>>

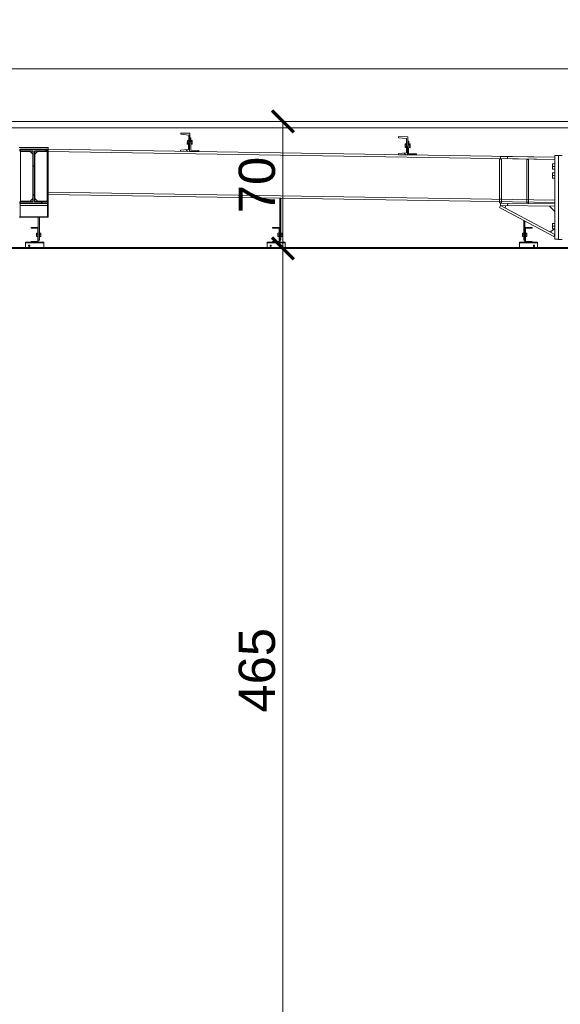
# Model space of a CAD drawing. Extents: x 256490 to 7565828, y -103950 to 5881792.
# Tile 95 of 101: x 271368 to 274345, y 22268 to 27696. Entities that reach past the tile are written whole.
import ezdxf

# ---------------------------------------------------------------- set-up
doc = ezdxf.new("R2010")
doc.units = 0
doc.header["$MEASUREMENT"] = 0
doc.linetypes.add('DASHDOT', pattern=[20, 13, -3.4, 0.2, -3.4])
doc.layers.add('100_rzut_okna', color=1, linetype='Continuous')
for name, color, linetype, lineweight in [('BK_0.13', 4, 'Continuous', 9), ('CZ-CI', 142, 'Continuous', 9), ('CZ-GR', 14, 'Continuous', 30), ('linii', 7, 'Continuous', 15), ('OSIE', 7, 'Continuous', 5)]:
    doc.layers.add(name, color=color, linetype=linetype, lineweight=lineweight)
doc.layers.add('wymiary', color=7, linetype='Continuous', lineweight=5, true_color=0x7f7f7f)
doc.styles.add('ARIAL', font='arial.ttf')
doc.dimstyles.new('mosstowy 1-100', dxfattribs={"dimscale": 20, "dimtxt": 10, "dimasz": 6, "dimexe": 4, "dimexo": 4, "dimgap": 2, "dimtad": 1, "dimdec": 0, "dimlfac": 0.1, "dimtxsty": 'ARIAL', "dimblk": 'ARCHTICK', "dimcen": 4, "dimclrd": 256, "dimclre": 256, "dimclrt": 7, "dimadec": 0, "dimazin": 0, "dimtfac": 1, "dimtdec": 0, "dimtmove": 1, "dimatfit": 3, "dimfxl": 8, "dimfxlon": 1, "dimlwd": -1, "dimlwe": 9, "dimarcsym": 0})

# ---------------------------------------------------------------- blocks, each defined once
blk = doc.blocks.new('_ArchTick')
at = {"layer": '100_rzut_okna', "color": 0, "linetype": 'Continuous', "const_width": 0.15}
blk.add_lwpolyline([(-0.5, -0.5), (0.5, 0.5)], dxfattribs=at)
blk = doc.blocks.new('*D572')
at = {"layer": 'Defpoints', "color": 0}
for p in [(274805.4, 27424.2), (264705.4, 27348.6), (274805.4, 27348.6)]:
    blk.add_point(p, dxfattribs=at)
at = {"layer": 'wymiary', "lineweight": 9}
for p, q in [((264705.4, 27424.2), (264705.4, 27504.2)), ((274805.4, 27424.2), (274805.4, 27504.2))]:
    blk.add_line(p, q, dxfattribs=at)
at = {"layer": 'wymiary'}
blk.add_line((264705.4, 27424.2), (274805.4, 27424.2), dxfattribs=at)
at = {"layer": 'wymiary', "xscale": 120, "yscale": 120, "zscale": 120, "rotation": 180}
blk.add_blockref('_ArchTick', (264705.4, 27424.2), dxfattribs=at)
at = {"layer": 'wymiary', "xscale": 120, "yscale": 120, "zscale": 120}
blk.add_blockref('_ArchTick', (274805.4, 27424.2), dxfattribs=at)
at = {"layer": 'wymiary', "color": 7, "insert": (269755.4, 27566.3), "char_height": 200, "attachment_point": 5, "style": 'ARIAL'}
blk.add_mtext('1010', dxfattribs=at)
blk = doc.blocks.new('*D567')
at = {"layer": 'Defpoints', "color": 0}
for p in [(273670, 26434.6), (272817.6, 21784.6), (273950.4, 21784.6)]:
    blk.add_point(p, dxfattribs=at)
at = {"layer": 'wymiary', "lineweight": 9}
for p, q in [((272977.6, 26434.6), (272737.6, 26434.6)), ((272977.6, 21784.6), (272737.6, 21784.6))]:
    blk.add_line(p, q, dxfattribs=at)
at = {"layer": 'wymiary'}
blk.add_line((272817.6, 26434.6), (272817.6, 21784.6), dxfattribs=at)
at = {"layer": 'wymiary', "xscale": 120, "yscale": 120, "zscale": 120}
for p, rotation in [((272817.6, 26434.6), 90), ((272817.6, 21784.6), 270)]:
    blk.add_blockref('_ArchTick', p, dxfattribs=dict(at, rotation=rotation))
at = {"layer": 'wymiary', "color": 7, "insert": (272675.5, 24109.6), "char_height": 200, "attachment_point": 5, "rotation": 90, "style": 'ARIAL'}
blk.add_mtext('465', dxfattribs=at)
blk = doc.blocks.new('*D568')
at = {"layer": 'Defpoints', "color": 0}
for p in [(272817.6, 27134.6), (273276.5, 27134.6), (273276.5, 26434.6)]:
    blk.add_point(p, dxfattribs=at)
at = {"layer": 'wymiary', "lineweight": 9}
for p, q in [((272977.6, 27134.6), (272737.6, 27134.6)), ((272977.6, 26434.6), (272737.6, 26434.6))]:
    blk.add_line(p, q, dxfattribs=at)
at = {"layer": 'wymiary'}
blk.add_line((272817.6, 26434.6), (272817.6, 27134.6), dxfattribs=at)
at = {"layer": 'wymiary', "xscale": 120, "yscale": 120, "zscale": 120}
for p, rotation in [((272817.6, 27134.6), 90), ((272817.6, 26434.6), 270)]:
    blk.add_blockref('_ArchTick', p, dxfattribs=dict(at, rotation=rotation))
at = {"layer": 'wymiary', "color": 7, "insert": (272675.5, 26784.6), "char_height": 200, "attachment_point": 5, "rotation": 90, "style": 'ARIAL'}
blk.add_mtext('70', dxfattribs=at)
blk = doc.blocks.new('FGDFGDFGDF')
at = {"linetype": 'Continuous'}
h = blk.add_hatch(dxfattribs=at)
h.set_pattern_fill('', scale=35, angle=180, style=0, pattern_type=0)
h.set_pattern_definition([(135, (307391.83, 24090.02), (78.58, 78.58), [])])
h.paths.add_polyline_path([(307351.8, 24090), (307391.8, 24090), (307391.8, 24010), (307351.8, 24010), (307351.8, 24013), (307388.8, 24013), (307388.8, 24087), (307351.8, 24087)])
h = blk.add_hatch(dxfattribs=at)
h.set_pattern_fill('', scale=35, angle=180, style=0, pattern_type=0)
h.set_pattern_definition([(135, (308721.83, 24090.02), (78.58, 78.58), [])])
h.paths.add_polyline_path([(308681.8, 24090), (308721.8, 24090), (308721.8, 24010), (308681.8, 24010), (308681.8, 24013), (308718.8, 24013), (308718.8, 24087), (308681.8, 24087)])
h = blk.add_hatch(dxfattribs=at)
h.set_pattern_fill('', scale=35, style=0, pattern_type=0)
h.set_pattern_definition([(45, (310071.83, 24090.02), (-78.58, 78.58), [])])
h.paths.add_polyline_path([(310111.8, 24090), (310071.8, 24090), (310071.8, 24010), (310111.8, 24010), (310111.8, 24013), (310074.8, 24013), (310074.8, 24087), (310111.8, 24087)])
h = blk.add_hatch(dxfattribs=at)
h.set_pattern_fill('', scale=35, angle=180, style=0, pattern_type=0)
h.set_pattern_definition([(135, (307421.83, 24010.02), (78.58, 78.58), [])])
h.paths.add_polyline_path([(307321.8, 24010), (307421.8, 24010), (307421.8, 24007), (307321.8, 24007)])
h = blk.add_hatch(dxfattribs=at)
h.set_pattern_fill('', scale=35, angle=180, style=0, pattern_type=0)
h.set_pattern_definition([(135, (308751.83, 24010.02), (78.58, 78.58), [])])
h.paths.add_polyline_path([(308651.8, 24010), (308751.8, 24010), (308751.8, 24007), (308651.8, 24007)])
h = blk.add_hatch(dxfattribs=at)
h.set_pattern_fill('', scale=35, style=0, pattern_type=0)
h.set_pattern_definition([(45, (310041.83, 24010.02), (-78.58, 78.58), [])])
h.paths.add_polyline_path([(310141.8, 24010), (310041.8, 24010), (310041.8, 24007), (310141.8, 24007)])
at = {"layer": 'CZ-CI', "linetype": 'Continuous'}
h = blk.add_hatch(dxfattribs=at)
h.set_pattern_fill('', color=256, scale=35, angle=180, style=0, pattern_type=0)
h.set_pattern_definition([(135, (308219.35, 24520.4), (78.58, 78.58), [])])
h.paths.add_polyline_path([(308175.3, 24517.6), (308219.4, 24520.4), (308220.6, 24600.4), (308176.7, 24604.6), (308176.8, 24611.1), (308226.8, 24610.3), (308225.2, 24510.3), (308175.2, 24511.1)])
h = blk.add_hatch(dxfattribs=at)
h.set_pattern_fill('', color=256, scale=35, angle=180, style=0, pattern_type=0)
h.set_pattern_definition([(135, (309419.2, 24501.4), (78.58, 78.58), [])])
h.paths.add_polyline_path([(309375.2, 24498.6), (309419.2, 24501.4), (309420.5, 24581.3), (309376.5, 24585.6), (309376.6, 24592.1), (309426.6, 24591.3), (309425, 24491.3), (309375, 24492.1)])
h = blk.add_hatch(dxfattribs=at)
h.set_pattern_fill('', color=256, scale=35, angle=180, style=0, pattern_type=0)
h.set_pattern_definition([(135, (307441.83, 24522.47), (78.577, 78.577), [])])
h.paths.add_polyline_path([(307291.8, 24522.5), (307441.8, 24522.5), (307441.8, 24511.8), (307370.4, 24511.8), (307370.4, 24233.2), (307441.8, 24233.2), (307441.8, 24222.5), (307291.8, 24222.5), (307291.8, 24233.2), (307363.3, 24233.2), (307363.3, 24511.8), (307291.8, 24511.8)])
for p, q in [((308176.8, 24611.1), (308176.7, 24604.6)), ((308176.7, 24604.6), (308176.7, 24604.6)), ((308176.7, 24604.6), (308220.6, 24600.4)), ((308176.8, 24611.1), (308176.8, 24611.1)), ((308226.8, 24610.3), (308176.8, 24611.1)), ((308220.6, 24600.4), (308219.4, 24520.4)), ((308220.6, 24600.4), (308220.6, 24600.4)), ((308225.2, 24510.3), (308226.8, 24610.3)), ((308226.8, 24610.3), (308226.8, 24610.3)), ((309376.6, 24592.1), (309376.5, 24585.6)), ((309376.6, 24592.1), (309376.6, 24592.1)), ((309426.6, 24591.3), (309376.6, 24592.1)), ((309425, 24491.3), (309426.6, 24591.3)), ((309426.6, 24591.3), (309426.6, 24591.3)), ((307446.8, 24532.5), (307286.8, 24532.5)), ((307446.8, 24147), (307446.8, 24532.5)), ((308212.7, 24570.9), (308212.3, 24550.1)), ((308219.8, 24550), (308212.3, 24550.1)), ((308219.9, 24555.2), (308212.4, 24555.3)), ((308220.1, 24565.6), (308212.6, 24565.7)), ((308220.2, 24570.8), (308212.7, 24570.9)), ((308232.4, 24585.2), (308226.4, 24585.3)), ((308231.3, 24516.2), (308232.4, 24585.2)), ((308239.3, 24549.7), (308231.8, 24549.8)), ((308239.4, 24554.9), (308231.9, 24555)), ((308232.1, 24570.6), (308239.6, 24570.5)), ((308239.6, 24565.3), (308232.1, 24565.4)), ((308239.6, 24570.5), (308239.3, 24549.7)), ((309376.5, 24585.6), (309376.5, 24585.6)), ((309376.5, 24585.6), (309420.5, 24581.3)), ((309412.5, 24551.9), (309412.2, 24531.1)), ((309419.8, 24536.2), (309412.3, 24536.3)), ((309419.9, 24546.6), (309412.4, 24546.7)), ((309420, 24551.8), (309412.5, 24551.9)), ((309420.5, 24581.3), (309419.2, 24501.4)), ((309420.5, 24581.3), (309420.5, 24581.3)), ((309432.2, 24566.2), (309426.2, 24566.3)), ((309431.1, 24497.2), (309432.2, 24566.2)), ((309439.2, 24535.9), (309431.7, 24536)), ((309439.4, 24546.3), (309431.9, 24546.4)), ((309432, 24551.6), (309439.5, 24551.5)), ((309439.5, 24551.5), (309439.2, 24530.7)), ((307293.3, 24235.2), (307293.3, 24509.8)), ((307293.3, 24509.8), (307346.3, 24509.8)), ((307346.3, 24509.8), (307361.3, 24494.8)), ((307361.3, 24494.8), (307361.3, 24250.2)), ((307387.4, 24509.8), (307372.4, 24494.8)), ((307372.4, 24494.8), (307372.4, 24250.2)), ((307440.4, 24509.8), (307387.4, 24509.8)), ((307440.4, 24235.2), (307440.4, 24509.8)), ((310236.8, 24478.2), (307446.8, 24522.4)), ((310236.8, 24465.7), (307446.8, 24509.9)), ((308175.3, 24517.6), (308175.2, 24511.1)), ((308175.2, 24511.1), (308175.2, 24511.1)), ((308175.2, 24511.1), (308225.2, 24510.3)), ((308219.4, 24520.4), (308175.3, 24517.6)), ((308175.3, 24517.6), (308175.3, 24517.6)), ((308219.4, 24520.4), (308219.4, 24520.4)), ((308225.2, 24510.3), (308275.2, 24509.5)), ((308225.2, 24510.3), (308225.2, 24510.3)), ((308275.3, 24515.5), (308231.3, 24516.2)), ((308275.2, 24509.5), (308275.3, 24515.5)), ((309375.2, 24498.6), (309375, 24492.1)), ((309375, 24492.1), (309375, 24492.1)), ((309375, 24492.1), (309425, 24491.3)), ((309419.2, 24501.4), (309375.2, 24498.6)), ((309375.2, 24498.6), (309375.2, 24498.6)), ((309419.7, 24531), (309412.2, 24531.1)), ((309419.2, 24501.4), (309419.2, 24501.4)), ((309425, 24491.3), (309425, 24491.3)), ((309425, 24491.3), (309475, 24490.5)), ((309475.1, 24496.5), (309431.1, 24497.2)), ((309439.2, 24530.7), (309431.7, 24530.8)), ((309475, 24490.5), (309475.1, 24496.5)), ((309936.7, 24470.4), (309936.9, 24482.4)), ((309936.9, 24482.4), (310236.8, 24478.4)), ((309976.7, 24469.9), (309976.9, 24481.9)), ((310236.8, 24478.4), (310236.7, 24466.4)), ((310236.8, 24025.9), (310236.8, 24488.4)), ((310236.8, 24488.4), (310256.8, 24488.4)), ((310276.8, 24488.4), (310256.8, 24488.4)), ((310256.8, 24024.2), (310256.8, 24488.4)), ((310256.8, 24025.9), (310256.8, 24488.4)), ((309942.3, 24468.4), (309932.3, 24468.4)), ((309932.3, 24468.4), (309932.3, 24247.5)), ((309932.3, 24467.4), (309932.3, 24227.5)), ((309932.3, 24467.4), (309942.3, 24467.4)), ((309936.7, 24470.4), (310236.7, 24466.4)), ((309942.3, 24468.4), (309942.3, 24247.5)), ((309942.3, 24467.4), (309942.3, 24227.5)), ((310092, 24465.4), (310082, 24465.4)), ((310082, 24465.4), (310082, 24225.5)), ((310092, 24465.4), (310092, 24225.5)), ((310236.8, 24442.4), (310224.3, 24442.4)), ((310224.3, 24442.4), (310224.3, 24412.4)), ((310236.8, 24427.4), (310224.3, 24427.4)), ((310236.8, 24412.4), (310224.3, 24412.4)), ((310236.8, 24392.4), (310224.3, 24392.4)), ((310224.3, 24392.4), (310224.3, 24362.4)), ((310236.8, 24377.4), (310224.3, 24377.4)), ((310236.8, 24362.4), (310224.3, 24362.4)), ((310236.8, 24240.7), (307446.8, 24284.9)), ((310236.8, 24228.2), (307446.8, 24272.4)), ((307291.8, 24148.9), (307291.8, 24222.5)), ((307291.8, 24211.4), (307441.8, 24211.4)), ((307346.3, 24235.2), (307293.3, 24235.2)), ((307361.3, 24250.2), (307346.3, 24235.2)), ((307372.4, 24250.2), (307387.4, 24235.2)), ((307387.4, 24235.2), (307440.4, 24235.2)), ((307441.8, 24222.5), (307441.8, 24148.9)), ((308727.8, 24252.1), (308721.8, 24252.1)), ((308721.8, 24252.1), (308721.8, 24090)), ((308727.8, 24020), (308727.8, 24252.1)), ((309931.7, 24201.8), (309937.3, 24212.4)), ((309942.3, 24247.5), (309932.3, 24247.5)), ((309932.3, 24227.5), (309942.3, 24227.5)), ((309936.9, 24212.4), (309937, 24224.4)), ((309936.9, 24212.4), (310236.8, 24208.4)), ((309937, 24224.4), (310237, 24220.4)), ((310236.8, 24052.4), (309937.3, 24212.4)), ((309963.8, 24198.3), (309967.3, 24212)), ((309976.9, 24211.9), (309977, 24223.9)), ((310092, 24225.5), (310082, 24225.5)), ((310236.8, 24178.4), (310206.8, 24208.8)), ((310237, 24220.4), (310236.8, 24208.4)), ((310231.2, 24041.8), (309931.7, 24201.8)), ((307446.8, 24147), (307286.8, 24147)), ((307441.8, 24148.9), (307291.8, 24148.9)), ((307391.8, 24090), (307391.8, 24147)), ((307397.8, 24020), (307397.8, 24147)), ((310065.8, 24020), (310065.8, 24126.9)), ((310065.8, 24126.9), (310071.8, 24126.9)), ((310071.8, 24090), (310071.8, 24126.9)), ((310236.8, 24112.4), (310224.3, 24112.4)), ((310224.3, 24112.4), (310224.3, 24082.4)), ((307391.8, 24090), (307351.8, 24090)), ((307351.8, 24090), (307351.8, 24087)), ((307351.8, 24087), (307388.8, 24087)), ((307381.3, 24041), (307381.3, 24059)), ((307381.3, 24059), (307388.8, 24059)), ((307388.8, 24050), (307381.3, 24050)), ((307388.8, 24087), (307388.8, 24013)), ((307391.8, 24010), (307391.8, 24090)), ((307405.3, 24059), (307397.8, 24059)), ((307405.3, 24050), (307397.8, 24050)), ((307405.3, 24041), (307405.3, 24059)), ((308721.8, 24090), (308681.8, 24090)), ((308681.8, 24090), (308681.8, 24087)), ((308681.8, 24087), (308718.8, 24087)), ((308711.3, 24041), (308711.3, 24059)), ((308711.3, 24059), (308718.8, 24059)), ((308718.8, 24050), (308711.3, 24050)), ((308718.8, 24087), (308718.8, 24013)), ((308721.8, 24010), (308721.8, 24090)), ((308735.3, 24059), (308727.8, 24059)), ((308735.3, 24050), (308727.8, 24050)), ((308735.3, 24041), (308735.3, 24059)), ((310058.3, 24059), (310065.8, 24059)), ((310058.3, 24041), (310058.3, 24059)), ((310058.3, 24050), (310065.8, 24050)), ((310071.8, 24090), (310111.8, 24090)), ((310071.8, 24010), (310071.8, 24090)), ((310111.8, 24087), (310074.8, 24087)), ((310074.8, 24087), (310074.8, 24013)), ((310082.3, 24059), (310074.8, 24059)), ((310074.8, 24050), (310082.3, 24050)), ((310082.3, 24041), (310082.3, 24059)), ((310111.8, 24090), (310111.8, 24087)), ((310210.4, 24066.5), (310236.8, 24082.4)), ((310236.8, 24097.4), (310224.3, 24097.4)), ((310236.8, 24082.4), (310224.3, 24082.4)), ((310231.2, 24041.8), (310236.8, 24052.4)), ((307321.8, 24010), (307421.8, 24010)), ((307321.8, 24007), (307321.8, 24010)), ((307421.8, 24007), (307321.8, 24007)), ((307321.8, 24007), (307321.8, 23980)), ((307388.8, 24013), (307351.8, 24013)), ((307351.8, 24013), (307351.8, 24010)), ((307351.8, 24010), (307391.8, 24010)), ((307388.8, 24041), (307381.3, 24041)), ((307391.8, 24020), (307397.8, 24020)), ((307397.8, 24041), (307405.3, 24041)), ((307421.8, 24010), (307421.8, 24007)), ((307421.8, 23980), (307421.8, 24007)), ((308651.8, 24010), (308751.8, 24010)), ((308651.8, 24007), (308651.8, 24010)), ((308651.8, 24007), (308651.8, 23980)), ((308751.8, 24007), (308651.8, 24007)), ((308718.8, 24013), (308681.8, 24013)), ((308681.8, 24013), (308681.8, 24010)), ((308681.8, 24010), (308721.8, 24010)), ((308718.8, 24041), (308711.3, 24041)), ((308721.8, 24020), (308727.8, 24020)), ((308727.8, 24041), (308735.3, 24041)), ((308751.8, 24010), (308751.8, 24007)), ((308751.8, 23980), (308751.8, 24007)), ((310141.8, 24010), (310041.8, 24010)), ((310041.8, 24010), (310041.8, 24007)), ((310041.8, 23980), (310041.8, 24007)), ((310041.8, 24007), (310141.8, 24007)), ((310065.8, 24041), (310058.3, 24041)), ((310065.8, 24020), (310071.8, 24020)), ((310111.8, 24010), (310071.8, 24010)), ((310074.8, 24041), (310082.3, 24041)), ((310074.8, 24013), (310111.8, 24013)), ((310111.8, 24013), (310111.8, 24010)), ((310141.8, 24007), (310141.8, 24010)), ((310141.8, 24007), (310141.8, 23980)), ((310236.8, 24025.9), (310256.8, 24025.9)), ((310276.8, 24024.2), (310256.8, 24024.2)), ((307321.8, 23980), (307421.8, 23980)), ((308651.8, 23980), (308751.8, 23980)), ((310141.8, 23980), (310041.8, 23980))]:
    blk.add_line(p, q, dxfattribs=at)
for centre, start, end in [((307341.8, 23990), 162, 342), ((307341.8, 23990), 162, 342), ((307341.8, 23990), 342, 162), ((307341.8, 23990), 342, 162), ((308671.8, 23990), 162, 342), ((308671.8, 23990), 162, 342), ((308671.8, 23990), 342, 162), ((308671.8, 23990), 342, 162), ((310121.8, 23990), 18, 198), ((310121.8, 23990), 18, 198), ((310121.8, 23990), 198, 18), ((310121.8, 23990), 198, 18)]:
    blk.add_arc(centre, 3.5, start, end, dxfattribs=at)
at = {"layer": 'CZ-GR', "linetype": 'Continuous'}
for p, q in [((307291.8, 24522.5), (307441.8, 24522.5)), ((307291.8, 24511.8), (307291.8, 24522.5)), ((307363.3, 24511.8), (307291.8, 24511.8)), ((307363.3, 24233.2), (307363.3, 24511.8)), ((307441.8, 24511.8), (307370.4, 24511.8)), ((307370.4, 24511.8), (307370.4, 24233.2)), ((307441.8, 24522.5), (307441.8, 24511.8)), ((307291.8, 24222.5), (307291.8, 24233.2)), ((307291.8, 24233.2), (307363.3, 24233.2)), ((307441.8, 24222.5), (307291.8, 24222.5)), ((307370.4, 24233.2), (307441.8, 24233.2)), ((307441.8, 24233.2), (307441.8, 24222.5))]:
    blk.add_line(p, q, dxfattribs=at)

msp = doc.modelspace()

# ---------------------------------------------------------------- linework, layer by layer
at = {"layer": 'BK_0.13'}
for p, q in [((261215.4, 27134.6), (288540.4, 27134.6)), ((261215.4, 27099.6), (288505.4, 27099.6)), ((261105.4, 26434.6), (288505.4, 26434.6))]:
    msp.add_line(p, q, dxfattribs=at)
at = {"layer": 'BK_0.13', "lineweight": 5}
msp.add_line((261105.4, 26439.6), (288505.4, 26439.6), dxfattribs=at)
at = {"layer": 'OSIE', "linetype": 'DASHDOT', "ltscale": 100}
for p, q in [((259605.4, 27134.6), (290605.4, 27134.6)), ((259605.4, 26434.6), (290605.4, 26434.6))]:
    msp.add_line(p, q, dxfattribs=at)

# ---------------------------------------------------------------- block references
at = {"layer": 'linii'}
msp.add_blockref('FGDFGDFGDF', (-35921.4, 2459.6), dxfattribs=at)

# ---------------------------------------------------------------- dimensions: what is measured, and where the dimension line sits
at = {"layer": 'wymiary'}
dim = msp.add_linear_dim(base=(274805.4, 27424.2), p1=(264705.4, 27348.6), p2=(274805.4, 27348.6), dimstyle='mosstowy 1-100', dxfattribs=at)
dim.commit()
dim.dimension.update_dxf_attribs({"geometry": '*D572', "text_midpoint": (269755.4, 27566.3)})
for base, p1, p2, picture, middle in [((272817.6, 27134.6), (273276.5, 26434.6), (273276.5, 27134.6), '*D568', (272675.5, 26784.6)), ((272817.6, 21784.6), (273670, 26434.6), (273950.4, 21784.6), '*D567', (272675.5, 24109.6))]:
    dim = msp.add_linear_dim(base=base, p1=p1, p2=p2, angle=90, dimstyle='mosstowy 1-100', override={"dimblk": 'ArchTick'}, dxfattribs=at)
    dim.commit()
    dim.dimension.update_dxf_attribs({"geometry": picture, "text_midpoint": middle})

doc.saveas('drawing.dxf')

<<

#### Required action
In the listing above, locate the line containing "24087), (308681.8, 24087)])" and the line containing "24087), (310111.8, 24087)])". Transcribe those two lines and everything between them, exactly as written.

#### Expected output
h.paths.add_polyline_path([(308681.8, 24090), (308721.8, 24090), (308721.8, 24010), (308681.8, 24010), (308681.8, 24013), (308718.8, 24013), (308718.8, 24087), (308681.8, 24087)])
h = blk.add_hatch(dxfattribs=at)
h.set_pattern_fill('', scale=35, style=0, pattern_type=0)
h.set_pattern_definition([(45, (310071.83, 24090.02), (-78.58, 78.58), [])])
h.paths.add_polyline_path([(310111.8, 24090), (310071.8, 24090), (310071.8, 24010), (310111.8, 24010), (310111.8, 24013), (310074.8, 24013), (310074.8, 24087), (310111.8, 24087)])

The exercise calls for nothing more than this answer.